U.S. Military Nightmare: China Wants NGAD 6th Generation Fighters
The United States and China are racing to develop sixth-generation warplanes, signaling intense military rivalry in a multipolar world. China unveiled a mockup of its sixth-generation fighter in 2021, aiming for deployment by 2035, while the U.S. targets 2030 for its "Next-Generation Air Dominance" (NGAD) platform.
Summary: The United States and China are racing to develop sixth-generation warplanes, signaling intense military rivalry in a multipolar world. China unveiled a mockup of its sixth-generation fighter in 2021, aiming for deployment by 2035, while the U.S. targets 2030 for its "Next-Generation Air Dominance" (NGAD) platform.
-Both nations plan to integrate these aircraft into complex systems with advanced weapons and unmanned aerial vehicles.
-Although the U.S. might deploy first, China's ability to produce in larger quantities and learn from U.S. mistakes could level the playing field.
-Concerns about industrial espionage and the high costs of innovation further complicate the race.
U.S. vs. China: The Race for Sixth-Generation NGAD Warplanes Heats Up
At a time when everyone is still racing to build their own fleet of fifth-generation warplanes (and struggling to accomplish such a herculean task), both the United States and the People’s Republic of China are already racing toward building an even more complex (and expensive) sixth-generation warplane. This race between two rival powers is yet another example of how the world has moved away from the so-called “unipolar moment” that saw the Americans as the unquestioned dominant global power.
Clearly, the world is in a multipolar environment—specifically, a tripolar system between the United States, China, and Russia—where the chance of a great power conflict is higher than ever before. The, frankly, absurd quest to build sixth-generation warplanes is yet another example of just how serious the rivalry between the great powers has gotten.
But the race will only become more intense, and the stakes will only go higher.
Unveiling China’s Sixth-Generation Warplane
The Chinese shocked the world in 2021 when a mockup of their proposed, tail-less sixth-generation warplane appeared at an air show. Since then, concept images of the plane have appeared sporadically on social media. The head of Chengdu Aerospace, the Chinese firm designing the new sixth-generation warplane, believes that the plane could be ready for deployment as early as 2035.
The Americans, however, claim their sixth-generation warplane will be deployed as early as 2030 (although, given the constraints of America’s defense industrial base, we probably shouldn’t hold our breath on that one).
It has been speculated that, like America’s “Next-Generation Air Dominance” (NGAD) platform, which is the name the Pentagon is giving to its sixth-generation warplane development project, China’s will also be a “system of systems.” Basically, the world’s greatest militaries have determined that, to defeat each other in aerial combat, they can no longer just build a great warplane. They have to make those planes part of a complex system of next-generation weapons as well as unmanned aerial vehicles (the so-called “Loyal Wingman” system).

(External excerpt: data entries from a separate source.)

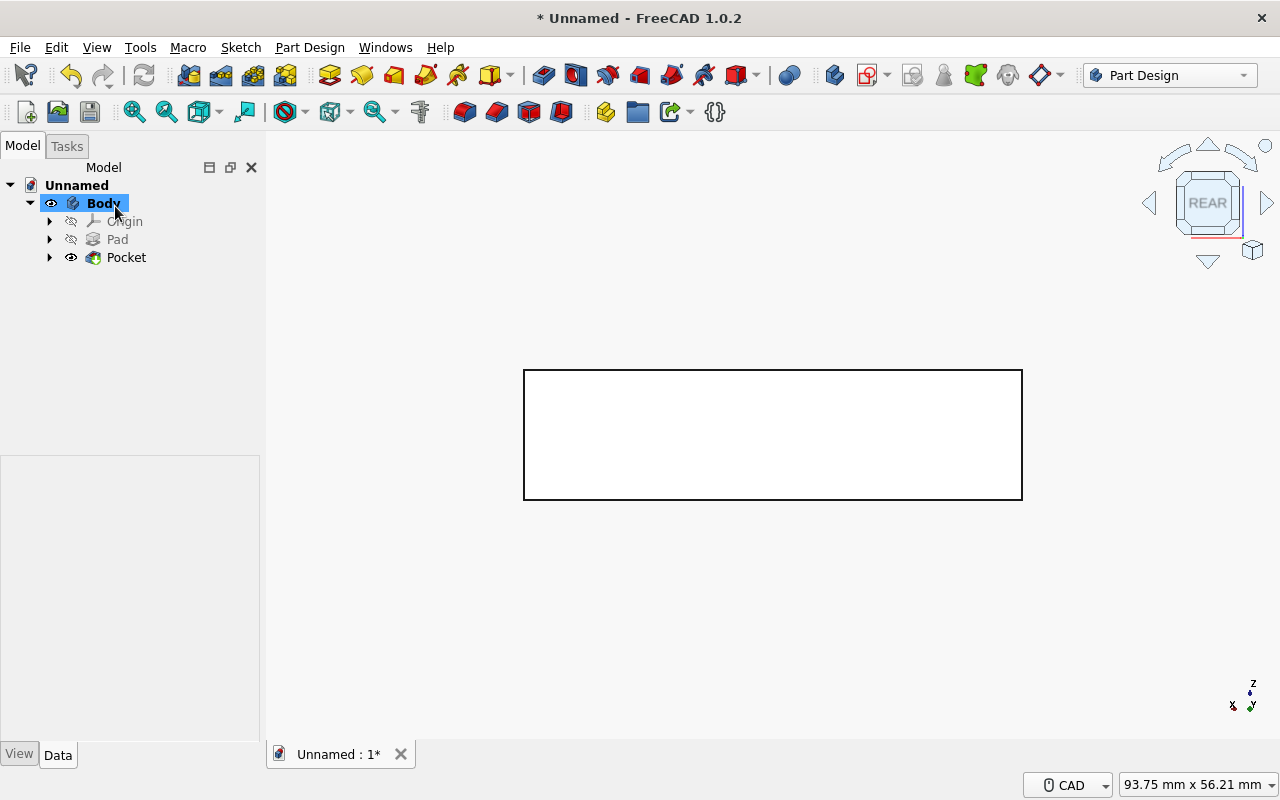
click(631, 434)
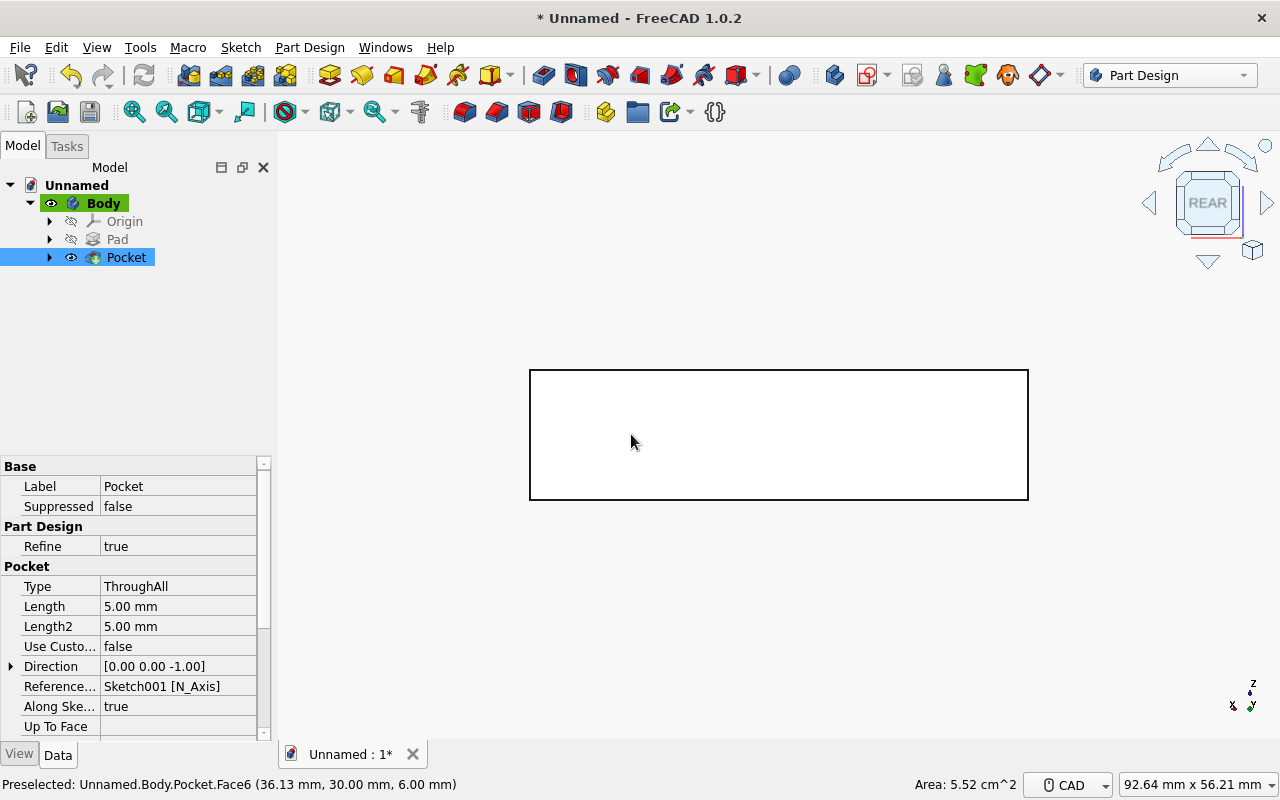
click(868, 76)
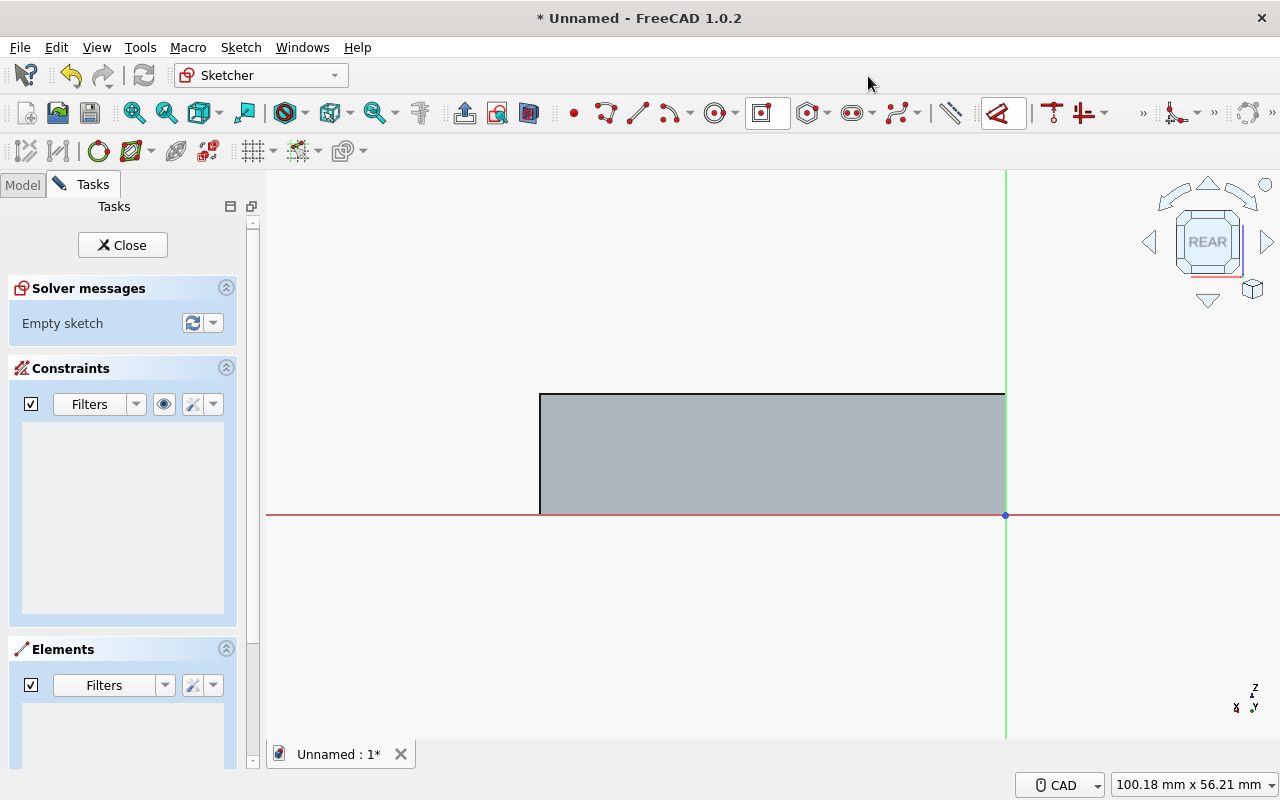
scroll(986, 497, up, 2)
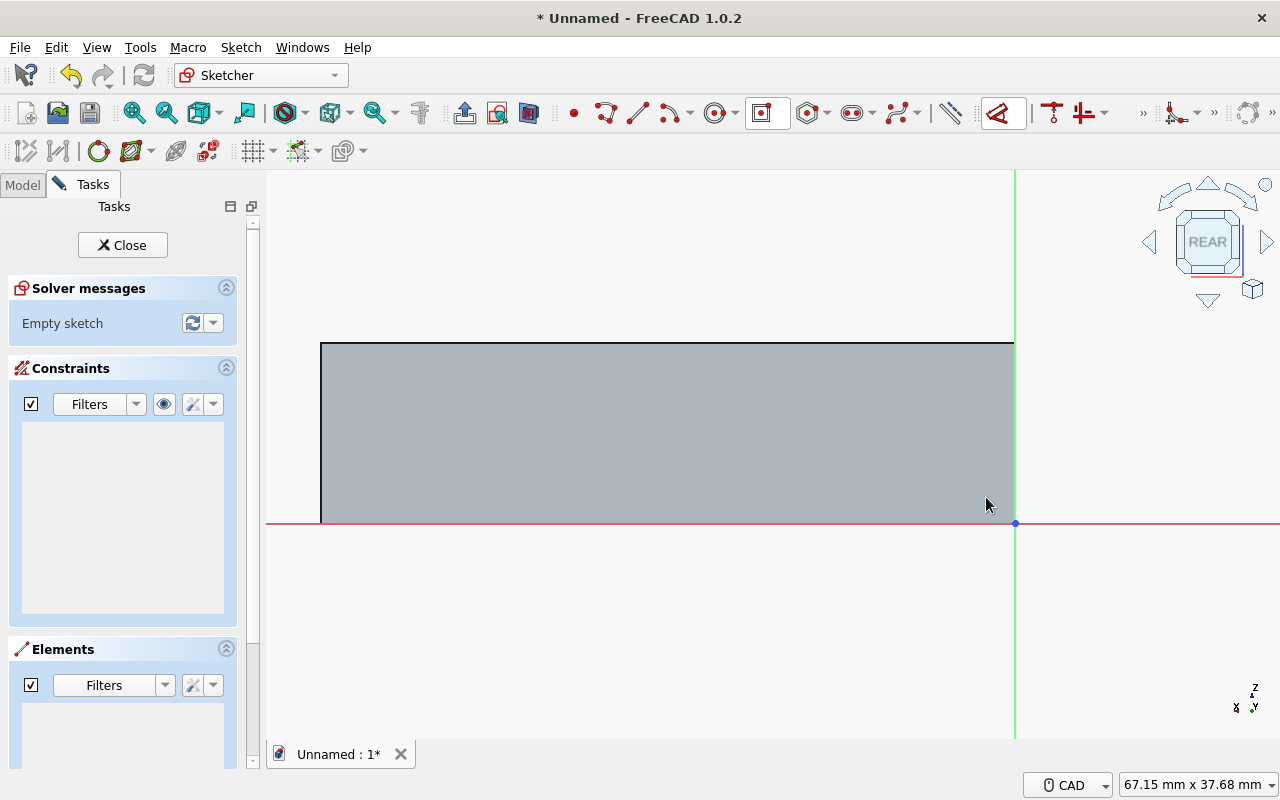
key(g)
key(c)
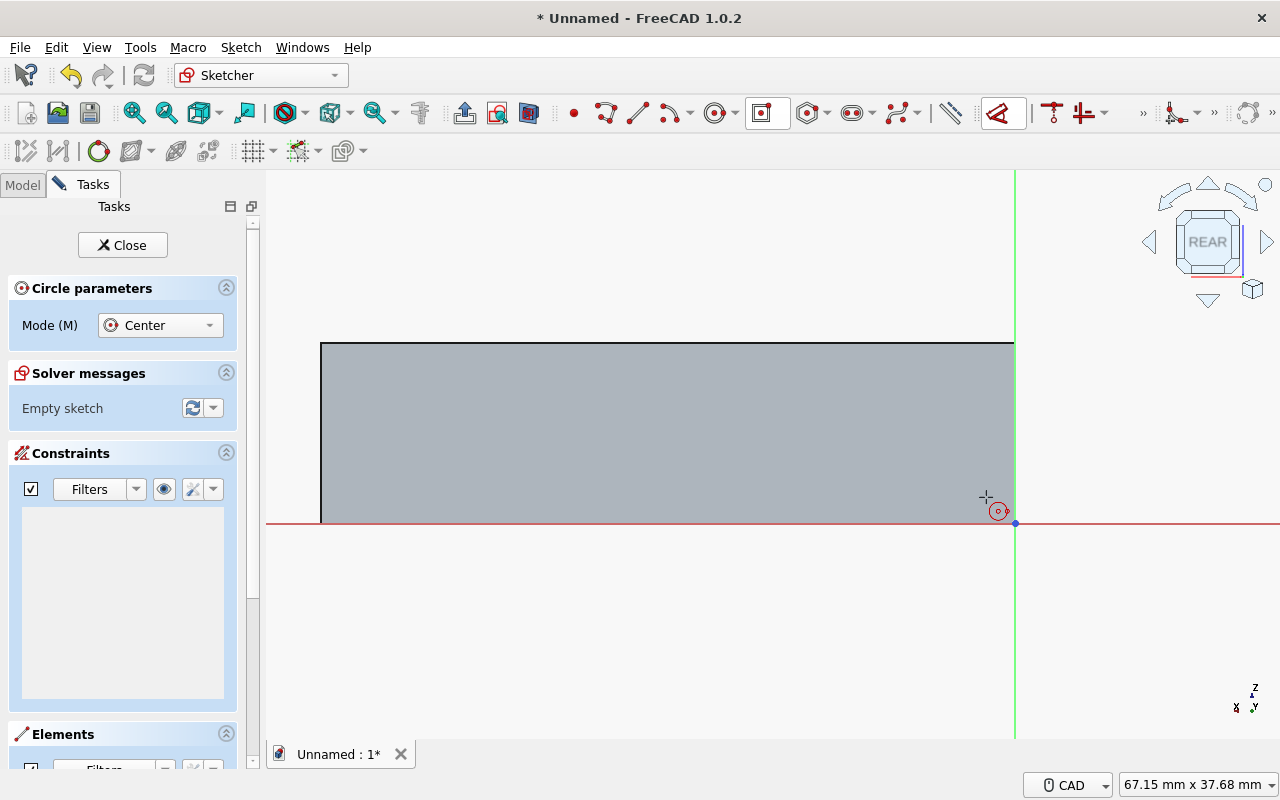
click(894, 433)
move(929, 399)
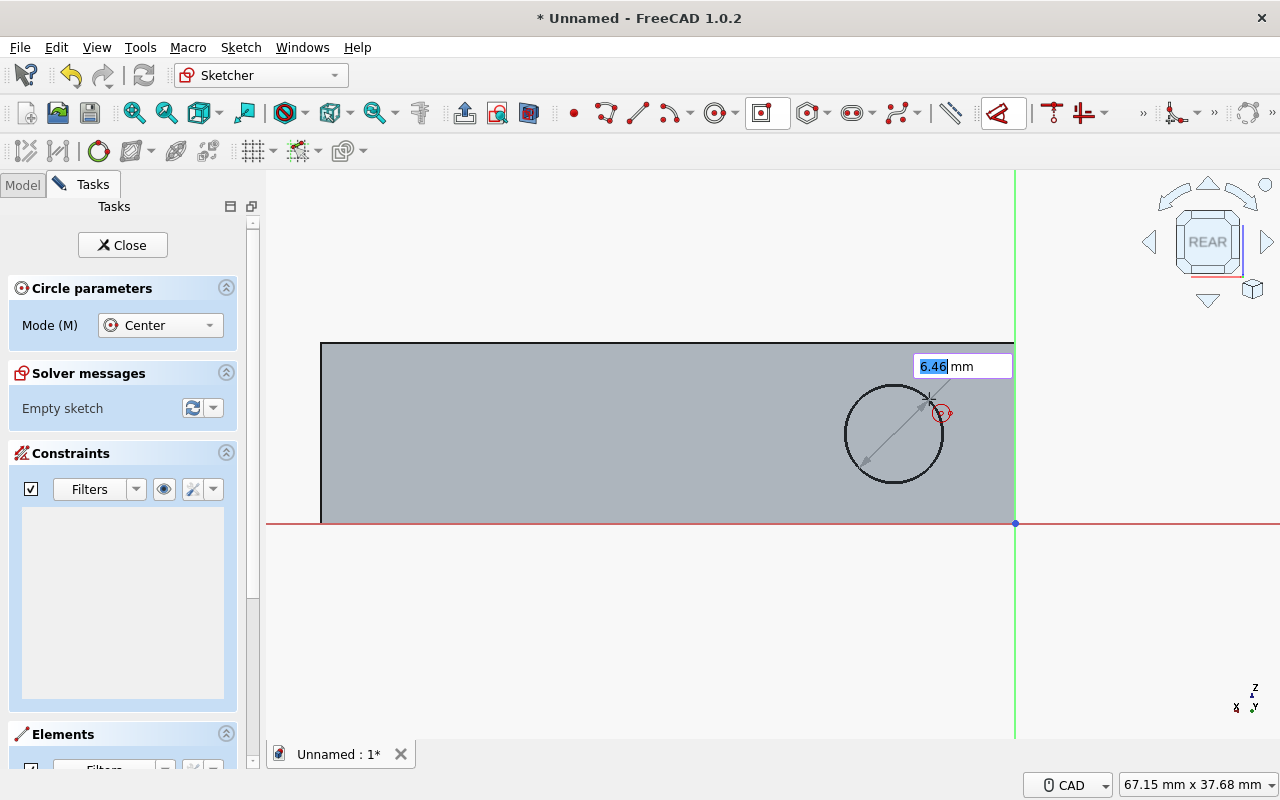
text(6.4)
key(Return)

Even if the American timeline for deploying the sixth-generation warplane is accurate, and the plane beats its Chinese sixth-generation rival to the unfriendly skies by five years, the fact remains that China can still make its plane in far greater numbers than can the Americans. What’s more, China would benefit from being second because it could learn from whatever mistakes the Americans made in their rush to get the plane into service earlier than China.
In 2010, Oded Shenkar wrote an excellent treatise on the business of innovation versus imitation. That book, Copycats, detailed how more imitative firms usually beat out their more innovative rivals because they could just copy the work of those innovative rivals and then avoid whatever mistakes the innovators made—saving time, money, and then being able to innovate from there. We have already seen how China’s J-20 fifth-generation warplane, which came after the American fifth-generation F-22A Raptor and F-35 Lightning II, has managed to stay apace with the American variants of those planes.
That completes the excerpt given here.